See State v. Hernandez, 121 Idaho 114, 117-18, 822 P.2d 1011, 1014-15 (Ct. App. 1991); State
v. Lopez, 106 Idaho 447, 449-51, 680 P.2d 869, 871-73 (Ct. App. 1984); State v. Toohill, 103
Idaho 565, 568, 650 P.2d 707, 710 (Ct. App. 1982). When reviewing the length of a sentence,
we consider the defendant’s entire sentence. State v. Oliver, 144 Idaho 722, 726, 170 P.3d 387,
391 (2007). Applying these standards, and having reviewed the record in this case, we cannot
say that the district court abused its discretion.

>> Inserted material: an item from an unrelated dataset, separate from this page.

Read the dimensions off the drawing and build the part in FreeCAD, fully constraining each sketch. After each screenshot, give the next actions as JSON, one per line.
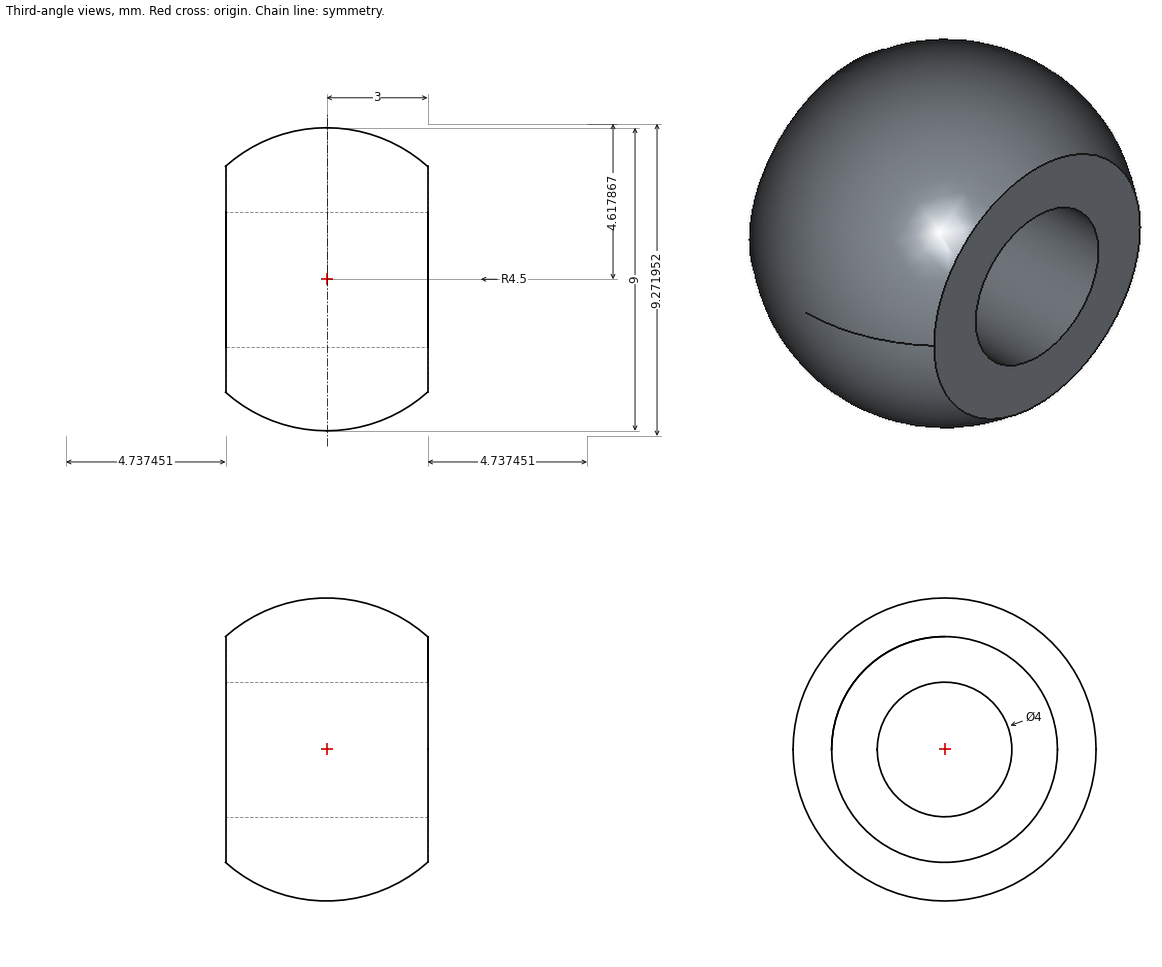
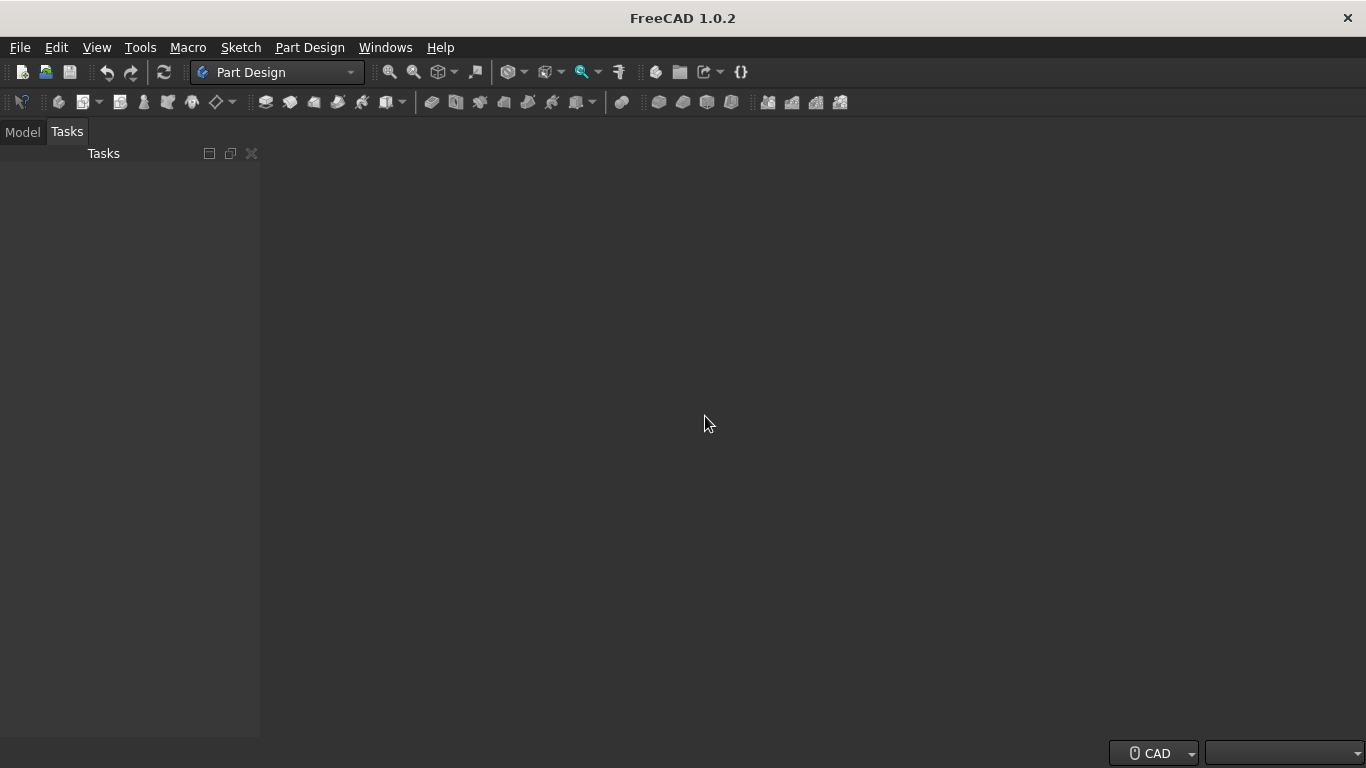
{"action": "left_click", "coordinate": [22, 72]}

Next, we review whether the district court erred in denying Cruse’s Rule 35 motion. A
motion for reduction of sentence under I.C.R. 35 is essentially a plea for leniency, addressed to
the sound discretion of the court. State v. Knighton, 143 Idaho 318, 319, 144 P.3d 23, 24 (2006);
State v. Allbee, 115 Idaho 845, 846, 771 P.2d 66, 67 (Ct. App. 1989). In presenting a Rule 35
motion, the defendant must show that the sentence is excessive in light of new or additional
information subsequently provided to the district court in support of the motion. State v.
Huffman, 144 Idaho 201, 203, 159 P.3d 838, 840 (2007). In conducting our review of the grant
or denial of a Rule 35 motion, we consider the entire record and apply the same criteria used for
determining the reasonableness of the original sentence. State v. Forde, 113 Idaho 21, 22, 740
P.2d 63, 64 (Ct. App. 1987); Lopez, 106 Idaho at 449-51, 680 P.2d at 871-73. Upon review of
the record, including any new information submitted with Cruse’s Rule 35 motion, we conclude
no abuse of discretion has been shown.
Therefore, Cruse’s judgment of conviction and sentence, and the district court’s order
denying Cruse’s Rule 35 motion, are affirmed.